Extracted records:
────────────────
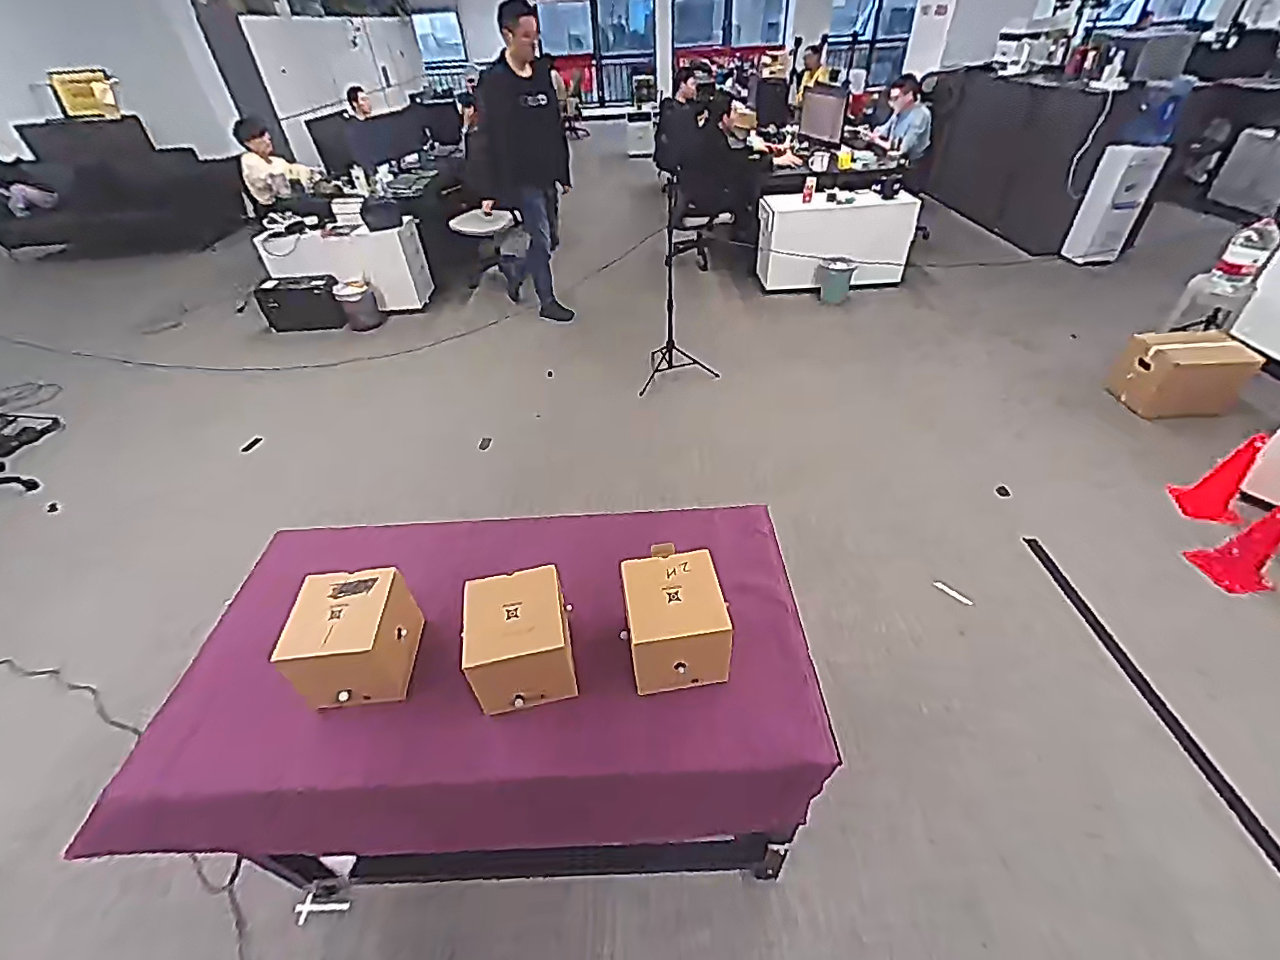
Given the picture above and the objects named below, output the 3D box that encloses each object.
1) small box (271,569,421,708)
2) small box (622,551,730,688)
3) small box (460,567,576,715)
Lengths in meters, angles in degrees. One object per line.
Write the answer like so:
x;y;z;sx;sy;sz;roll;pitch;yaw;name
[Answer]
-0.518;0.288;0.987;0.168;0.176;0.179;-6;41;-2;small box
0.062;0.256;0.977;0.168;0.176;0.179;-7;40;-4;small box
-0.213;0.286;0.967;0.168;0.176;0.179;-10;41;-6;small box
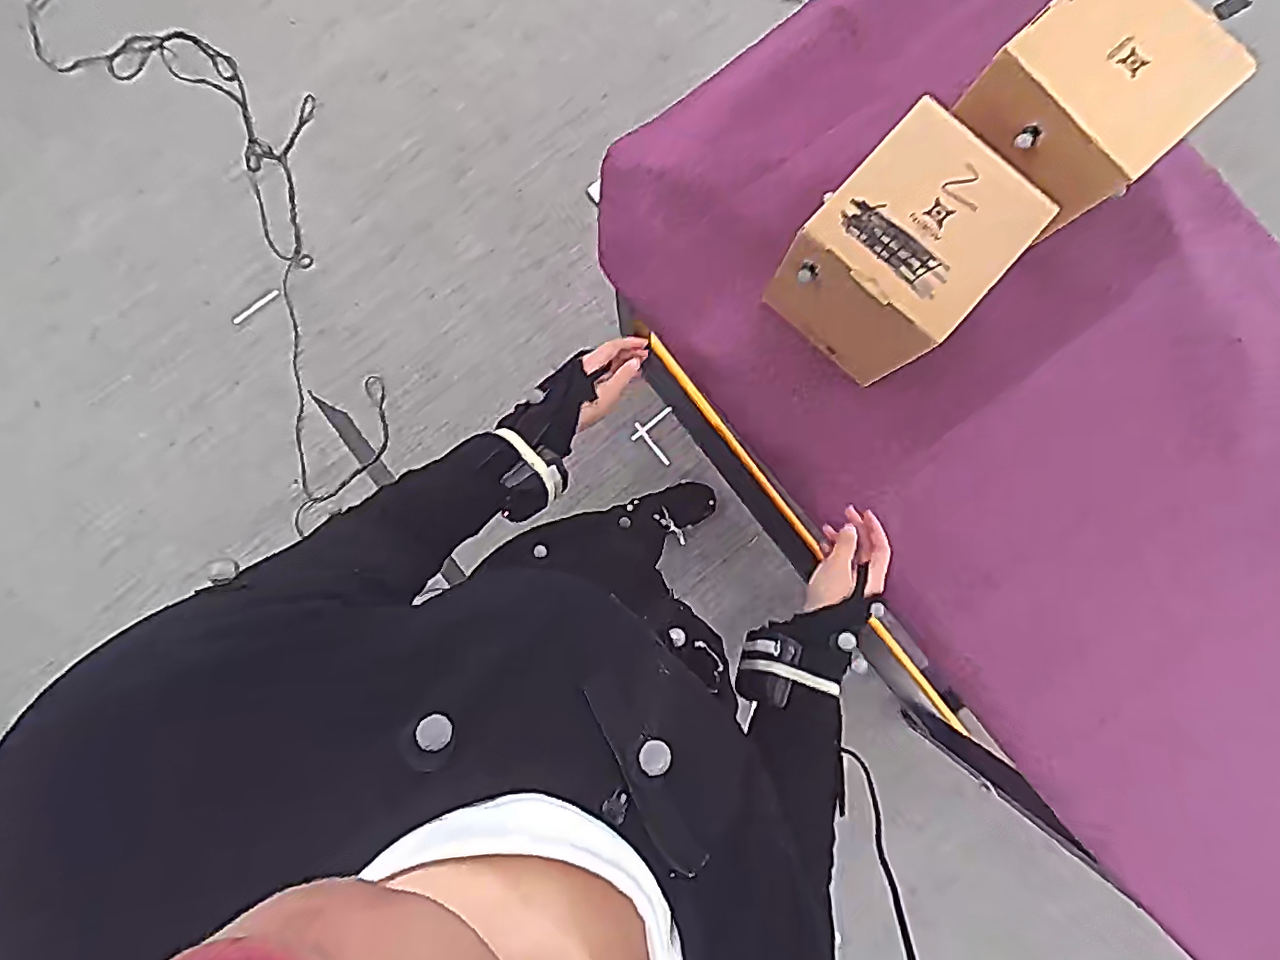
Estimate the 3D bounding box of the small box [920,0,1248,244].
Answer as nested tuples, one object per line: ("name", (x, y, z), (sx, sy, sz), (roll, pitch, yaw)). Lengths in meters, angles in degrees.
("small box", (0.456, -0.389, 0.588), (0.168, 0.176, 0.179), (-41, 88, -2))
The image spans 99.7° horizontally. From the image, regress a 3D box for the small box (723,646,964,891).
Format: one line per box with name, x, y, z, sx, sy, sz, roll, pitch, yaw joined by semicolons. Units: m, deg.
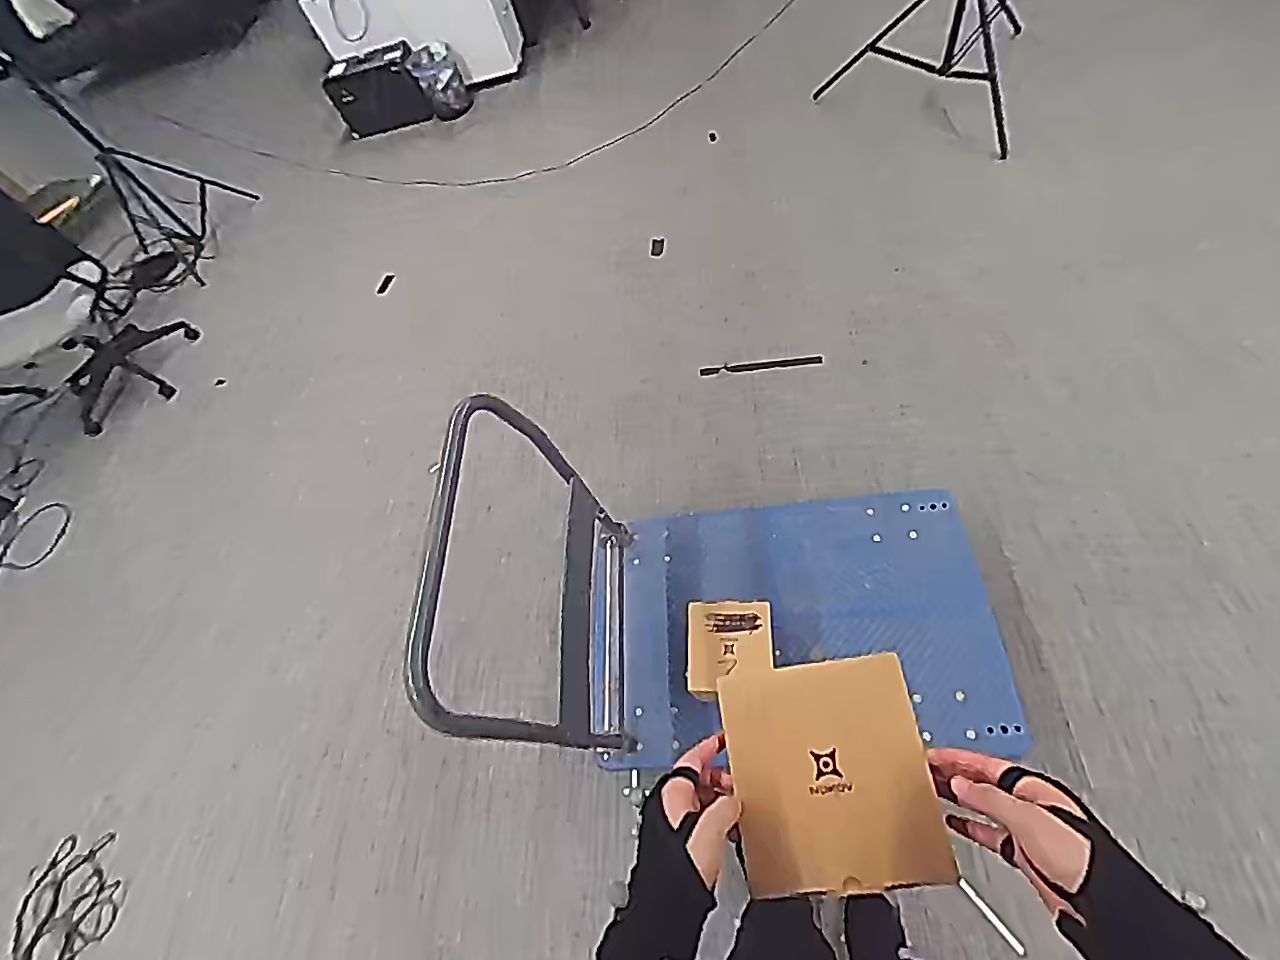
────────────────
Task
Beginning with the line above that contains "x;y;z;sx;sy;sz;roll;pitch;yaw;name" and finishing with the line that contains "Estimate the 3D", print those lines exactly and only. Skip all pictures.

Result for this task
x;y;z;sx;sy;sz;roll;pitch;yaw;name
[Answer]
-0.518;0.288;0.987;0.168;0.176;0.179;-6;41;-2;small box
0.062;0.256;0.977;0.168;0.176;0.179;-7;40;-4;small box
-0.213;0.286;0.967;0.168;0.176;0.179;-10;41;-6;small box
Estimate the 3D bounding box of the small box [920,0,1248,244].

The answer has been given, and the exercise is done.